June, 2011


25
Jun 11

Triathlon!

Oh, so I did a triathlon today.

Here are my terribly important thoughts on the race and triathloning in general.

Triathlons – The Bad:

Triathlons seem to be a fun enough thing, but I have one serious gripe with them: they’re pretty exclusionary. I had the perception that triathlon was a predominantly rich white person sport. Taking part in one confirmed that suspicion. The financial investment to do one of these things at an amateur and competitive level is ridiculous. The entry fees are way higher than a 5k, 10k or 10 Miler. Then there’s the bike portion of the race. I think this is my biggest gripe with Tris.

You need a good bike. Yes, you can compete on anything and just finish, but if you want to go fast you need to ride something fast. A good road bike is going to run you at least $500 for something five or so years old. Never mind a Tri specific bike, you’re talking at least $800…for something old and made of aluminum. Then you need shoes and a helmet, at least another hundred bones. Again I want to assert that you can race on anything but I’m a competitive asshole, I want to race not just finish. I think that’s why I love running. All you really need to be competitive are some shoes. Yes, you can also drop $500 on a GPS watch/heart rate monitor and you can buy a batman belt to hold your gatorade and you can waste $160 on a pair of Newtons (the ugliest running shoes known to man.) But, you don’t need to and most of the people who do this are slow gear freaks.

The Race

Swimming: This was the leg I was most worried about. I knew I was way undertrained for this thing, starting maybe four weeks ago, and my swim workouts were always my most draining. Turns out I didn’t have much to worry about. I finished second overall in the swim, finishing in 6:11 (I think.) My goal was to come in at 8:00, so I was pretty stoked. Open water swimming in traffic was way more fun than I thought it would be. I was worried about sighting often enough and the effort of popping my head up straight mid-stroke. But, it was way easier than I thought it would be and I only went off course once. I also managed to sight off of some other swimmers while I passed them. Turning was weird, though.

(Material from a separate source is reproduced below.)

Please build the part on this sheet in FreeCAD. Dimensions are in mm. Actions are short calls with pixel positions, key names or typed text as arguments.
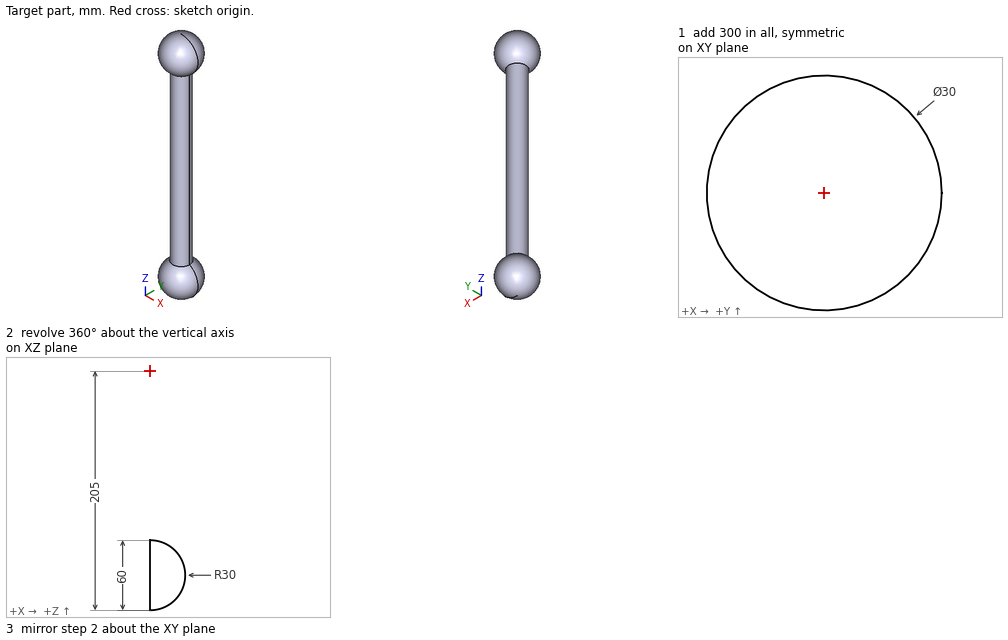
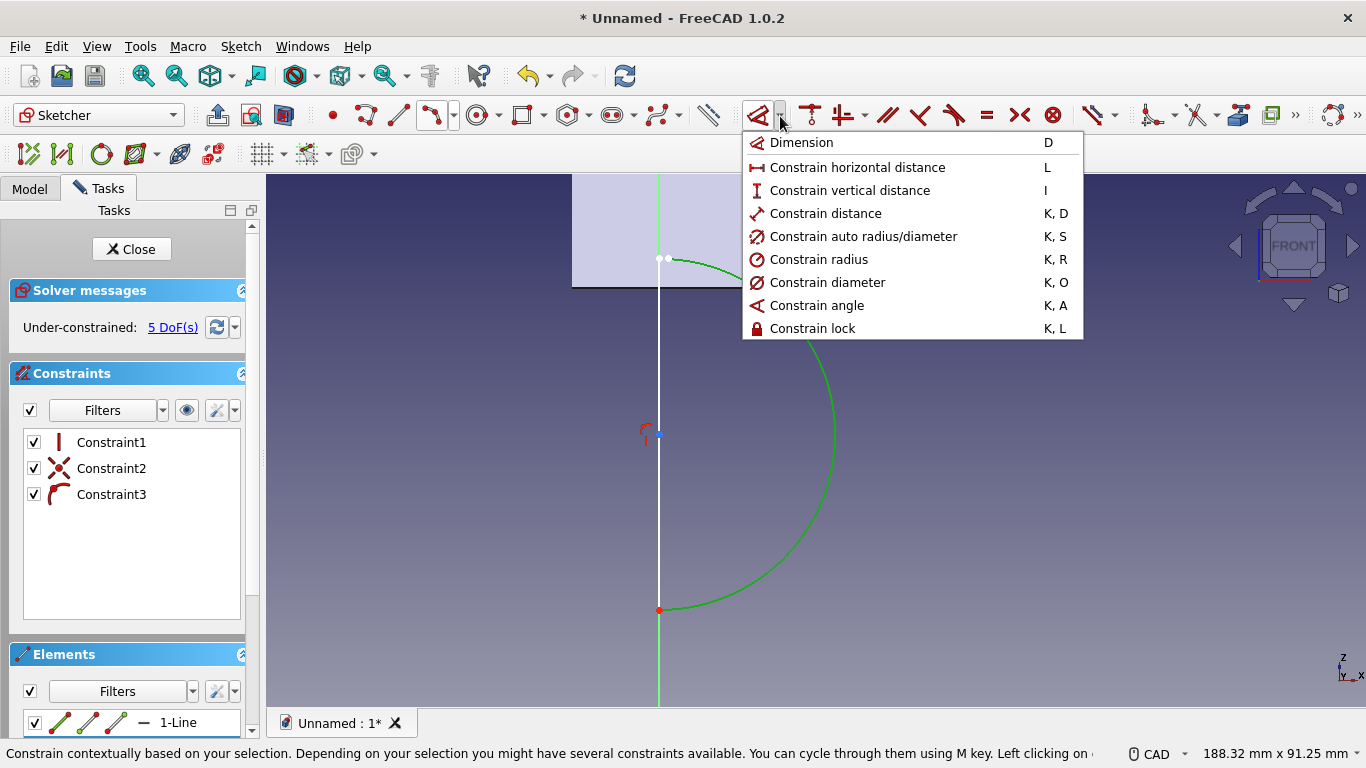
click(913, 260)
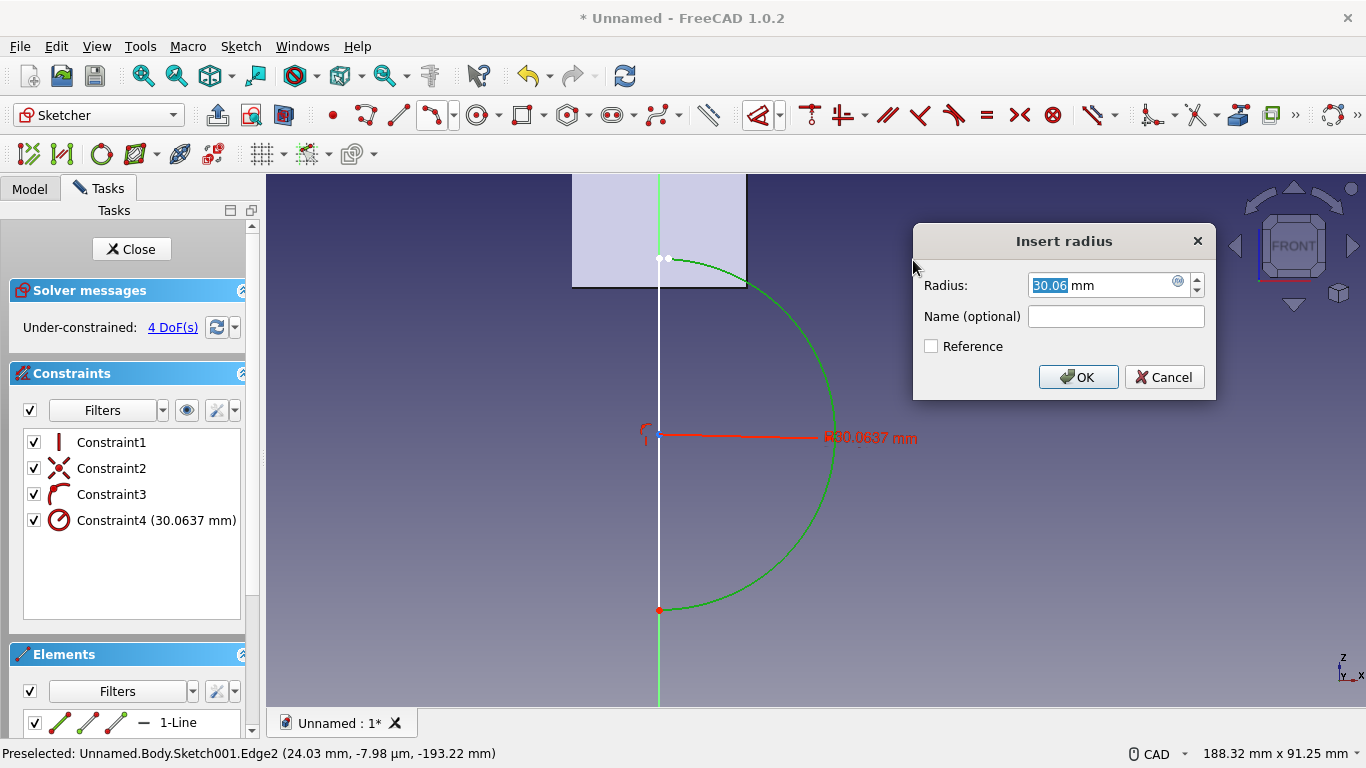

Biking: See earlier comments about biking. My bike is a piece of garbage. I bought it before I really knew much about bikes and I had some ridiculous notion that I wanted a new bike instead of something used. Dumb, dumb, dumb. I was woefully unprepared for all the hills on the course. Christ, so many hills. I dropped my chain at about 12k. I shifted onto my big wheel and heard a grinding sound, looked down and saw the chain hanging by a few teeth on top of the crank. I stopped pedaling, prepped to pop out of my cleats and swear a lot while putting the damn thing back on. Then I thought “Hmm, I bet I could just pedal this thing back on.” So I did, and it wound itself back on. This all happened in like a second, so it was actually much cooler than it sounds. You had to be there. Anyway, I sucked ass on the bike, got passed a bunch and came in at 44. I wanted to come in at 38. I was not pleased.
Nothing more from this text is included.